BP and the Coast Guard Disagree On Whether BP Is Done Cleaning Up the Gulf
On Tuesday, oil company BP announced the end to “active shoreline cleanup operations” on the Gulf Coast. The Coast Guard quickly stepped in to clarify that BP was not actually finished.
On Tuesday, oil company BP announced the end to “active shoreline cleanup operations” on the Gulf Coast, just under four years after an explosion and subsequent fire at one of their drilling rigs cause millions of gallons of oil to leak into the Gulf of Mexico. The Coast Guard quickly stepped in to clarify that BP was not actually finished.
BP’s announcement of the end of “active cleanup,” a semantic twist meaning pretty much nothing, coincided with the Coast Guard ending patrols of the final three miles of Louisiana shoreline. As The Washington Post explains, the Coast Guard and BP will not be actively searching for oil slicks but instead responding to specific, reported instances of oil coming ashore. To draw an analogy, BP picked up all the really big pieces of glass but if you slice your foot open on something they missed, please let them know.

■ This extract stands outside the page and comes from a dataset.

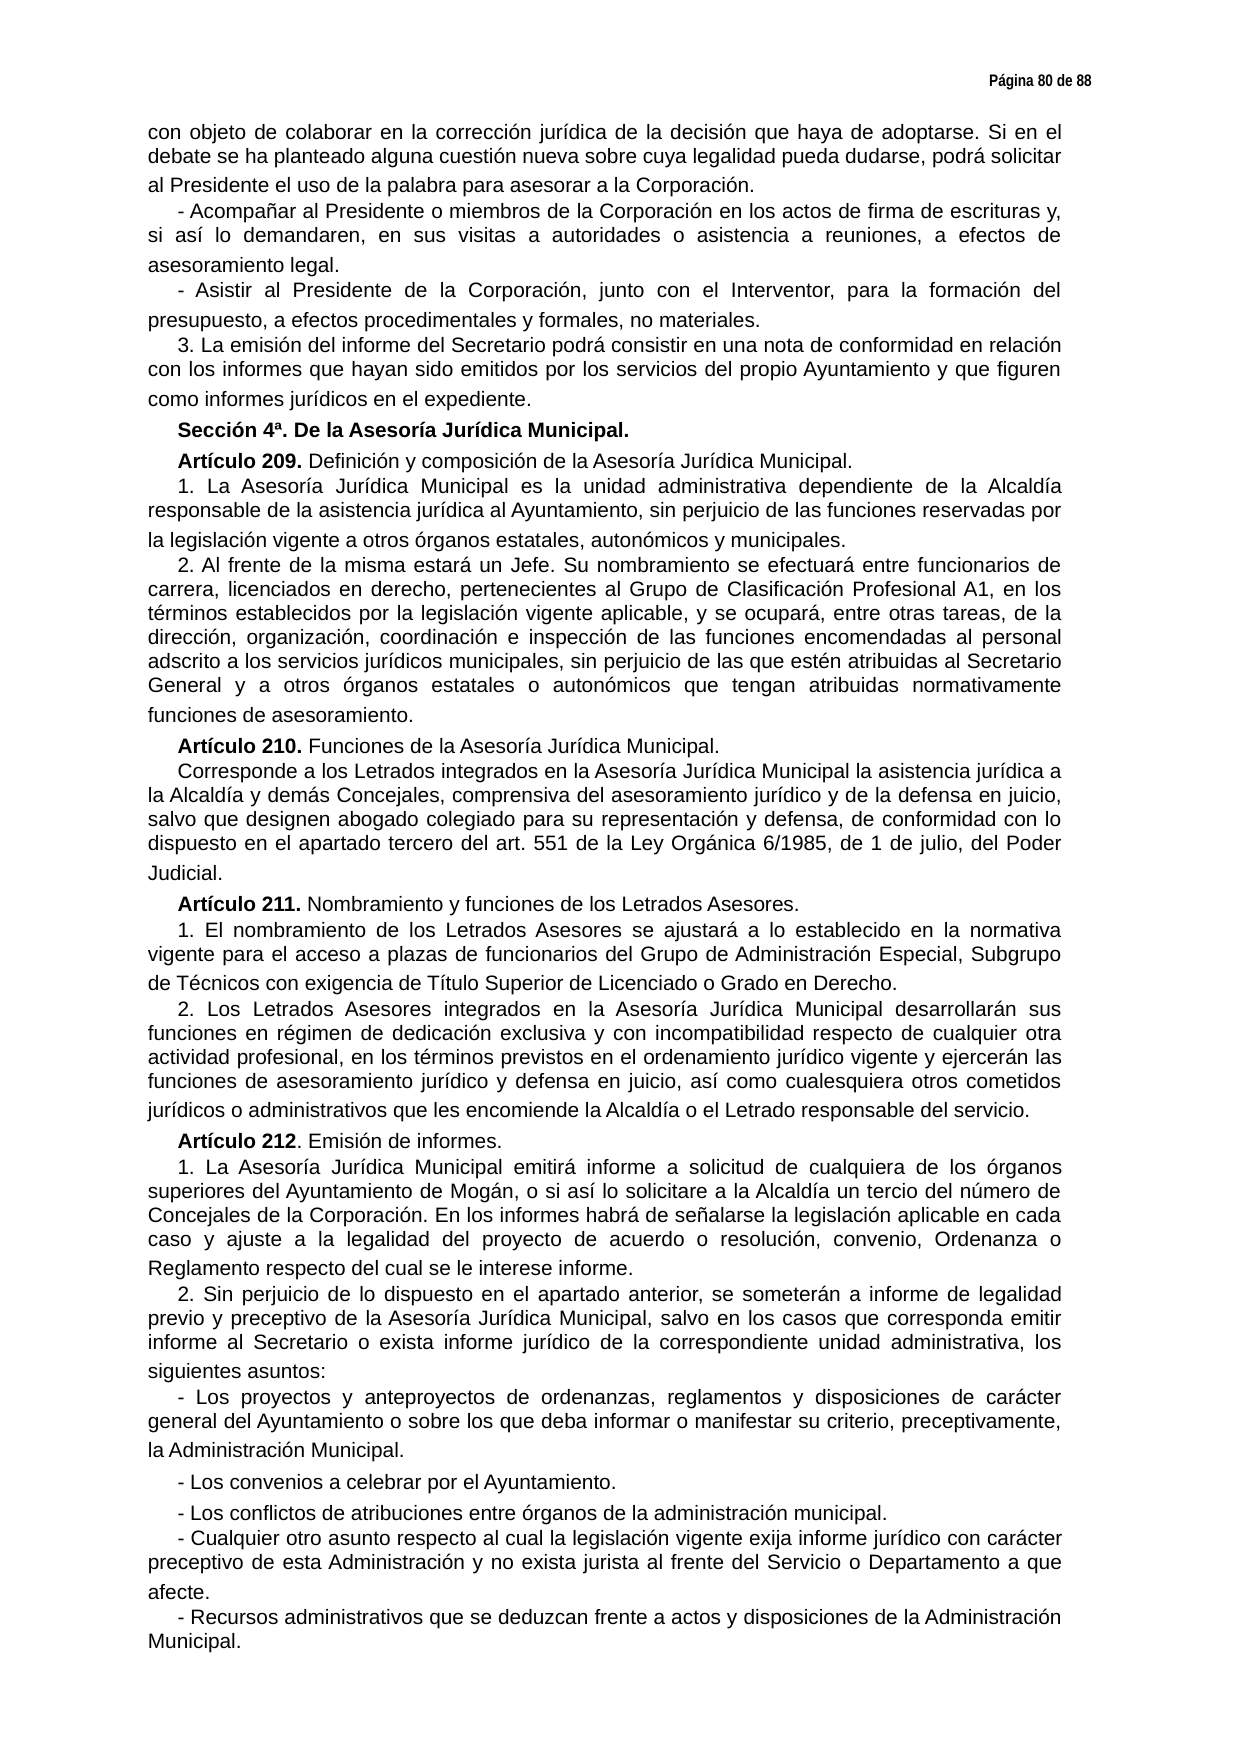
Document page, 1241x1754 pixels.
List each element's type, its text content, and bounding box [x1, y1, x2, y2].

The Coast Guard’s federal on-scene coordinator Captain Thomas Sparks clarified that the end of so-called “active cleanup” was not the end of “cleanup.” In the Coast Guard’s release, he says:
Let me be absolutely clear: This response is not over—not by a long shot. The transition to the Middle Response process does not end clean-up operations, and we continue to hold the responsible party accountable for Deepwater Horizon cleanup costs.
It makes sense that BP would try to portray itself as done with the Deepwater Horizon fiasco. The company set aside $42 billion to pay cleanup costs, fines, damages, and other fees.